|Where Historians Disagree:
The Origins of Slavery
How did the institution of slavery establish itself in the New World? How did white people come to believe that Africans should be kept in bondage? Historians have offered a number of different interpretations.
The debate had its origins in an important 1950 article by Oscar and Mary Handlin (“Origins of the Southern Labor System,” William and Mary Quarterly). They pointed out that in the seventeenth century many residents of the American colonies (and of England) lived in varying degrees of “unfreedom,” that there was nothing unusual or new about a dependent labor force. What was new was the transformation of black servitude in America into a permanent system, based on race, with the condition of slavery passed from one generation to the next. The Handlins identified this transition from “servant” to “slave” more as a legal process by which colonial legislatures sought to increase the available labor force than as a response to racial prejudice. The leaders of the Chesapeake hoped to attract white laborers to the New World; to do so, they had to make clear the distinction between voluntary and involuntary servitude. Hence the institutionalization of slavery: It was an effort to persuade whites that their status would be higher than that of blacks.
Winthrop Jordan, in White over Black (1968), offered a different view of how slavery developed in America. Jordan emphasized that Europeans had long viewed people of color – and particularly black Africans – as inferior beings preeminently fit to serve whites. Slavery did not evolve slowly from a system of relative racial equality. Blacks and whites were viewed and treated differently from the beginning; and the institution that finally emerged was a natural reflection of the deep-seated racism that the white settlers had brought with them. David Brion Davis, similarly, argued in The Problem of Slavery in Western Culture (1966) and later works that American slavery emerged not so much from the legal or economic conditions of the colonies as from a deeply embedded set of cultural assumptions. Davis placed less emphasis than Jordan on racism; he argued, instead, that the notion of slavery was an integral part of Western culture and that African servitude in America was not profoundly different from other forms of slavery in other societies.
Several historians in the 1970s returned to an emphasis on the particular conditions within the American colonies that helped produce the slave system. But unlike the Handlins, they saw the legal process by which slavery emerged as secondary to other issues. Peter Wood, in Black Majority (1974), emphasized the economic benefits that the black labor force provided whites in colonial South Carolina. In the early years of settlement (the “frontier period”) in South Carolina, blacks and whites often worked together. Black workers were relatively few in number, and differentiations in status were relatively vague. After the 1690s, however, whites discovered that African workers were better suited than Europeans to do the arduous work of rice cultivation, which was now coming to dominate the economy of the colony. Importation of black workers rapidly increased; and by the early eighteenth century, whites were becoming uneasy about the presence of a black majority in the colony. The hardening of the slave system, through legislation and in practice, reflected white fears f black resistance or even revolt.
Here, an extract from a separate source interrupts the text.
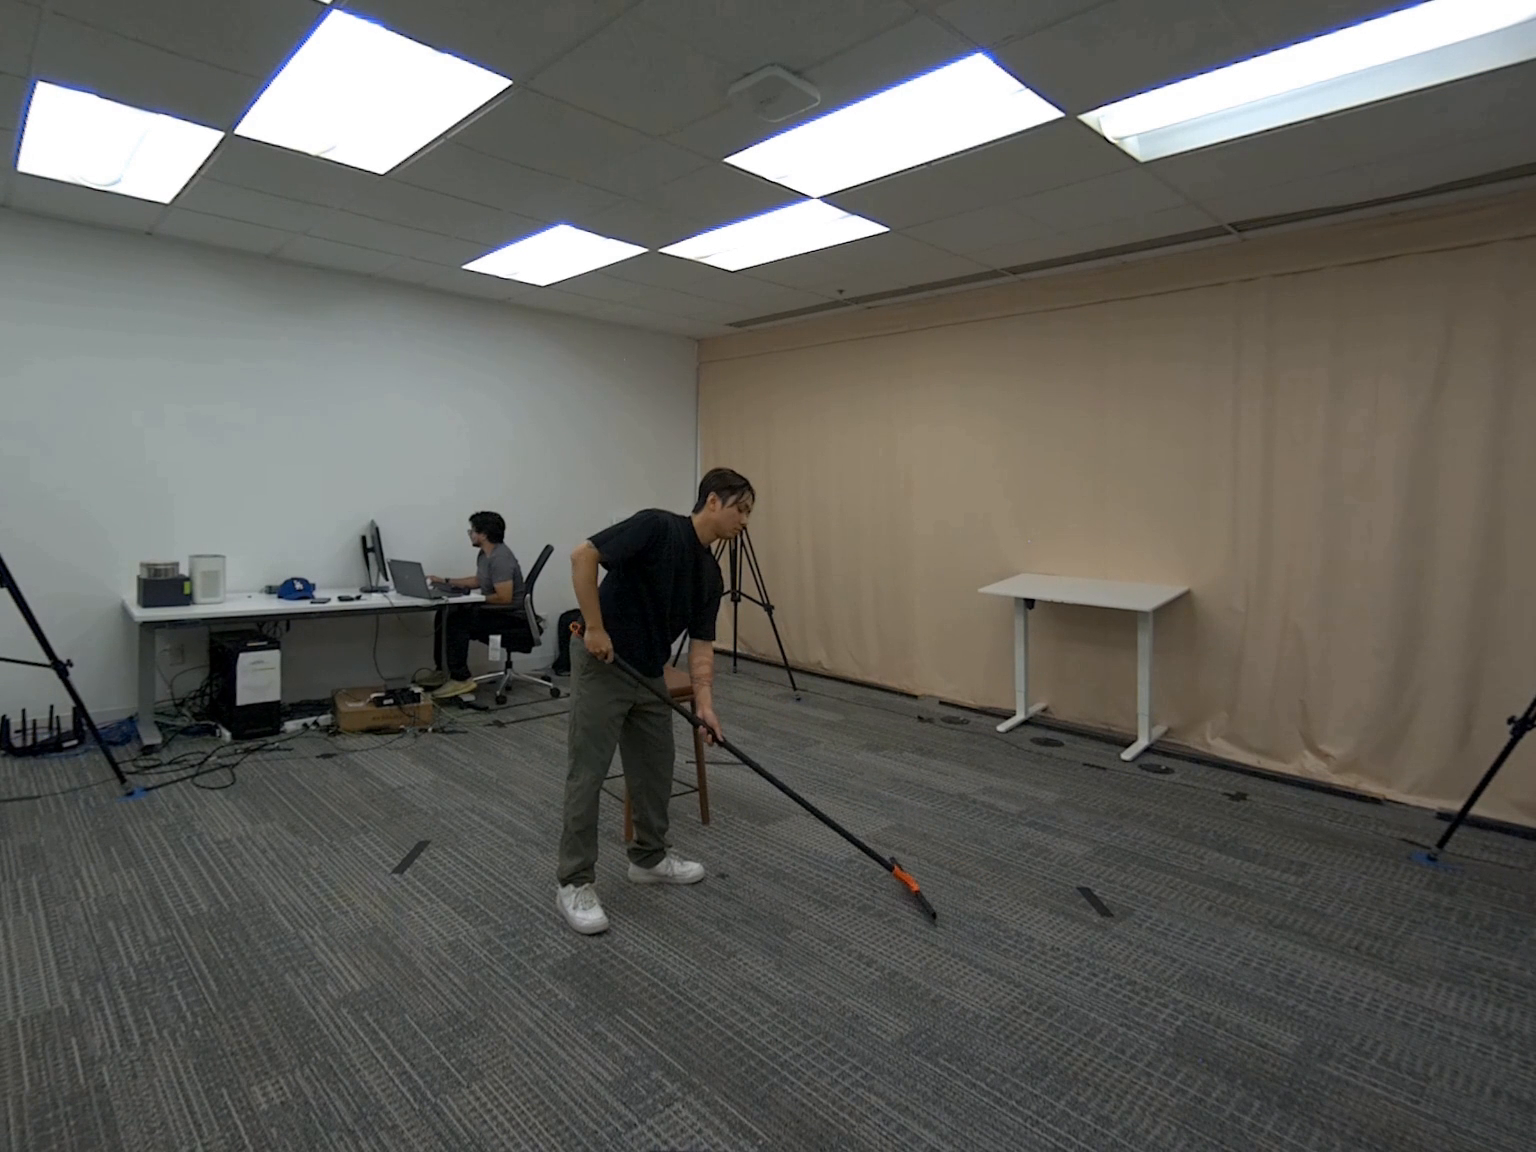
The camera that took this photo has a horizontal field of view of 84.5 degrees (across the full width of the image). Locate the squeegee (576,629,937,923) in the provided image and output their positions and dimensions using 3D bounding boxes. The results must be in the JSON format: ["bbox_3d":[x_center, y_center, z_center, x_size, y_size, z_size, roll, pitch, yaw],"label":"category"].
[{"bbox_3d":[-0.058,0.643,2.889,1.524,0.053,0.441,38,-2,-8],"label":"squeegee"}]

Edmund S. Morgan, in American Slavery, American Freedom (1975), also argued that the labor system in the South was at first relatively flexible and later grew more rigid. In an examination of colonial Virginia, Morgan suggested that the early colonists did not at first intend to create a permanent system of human bondage. By the late seventeenth century, however, the flourishing tobacco economy had created a growing need for cheap labor. The existence of a large, dependent white labor force, which was difficult to recruit and even more difficult to control, was unappealing to the colonists. African workers could be recruited and controlled more easily. The creation of a rigid slave system in the eighteenth century was, therefore, less a result of historic racism than a response to economic and social needs. Racism emerged largely as a result of slavery; it was not the cause of slavery. (Morgan went on to argue that the later development of democratic ideas in Virginia was made possible by the existence of slavery. A dependent white labor force would have made the idea of political equality difficult to sustain; but by making the dependent workers into slaves, outside the political world of whites, it was possible to believe that all white citizens were politically equal.)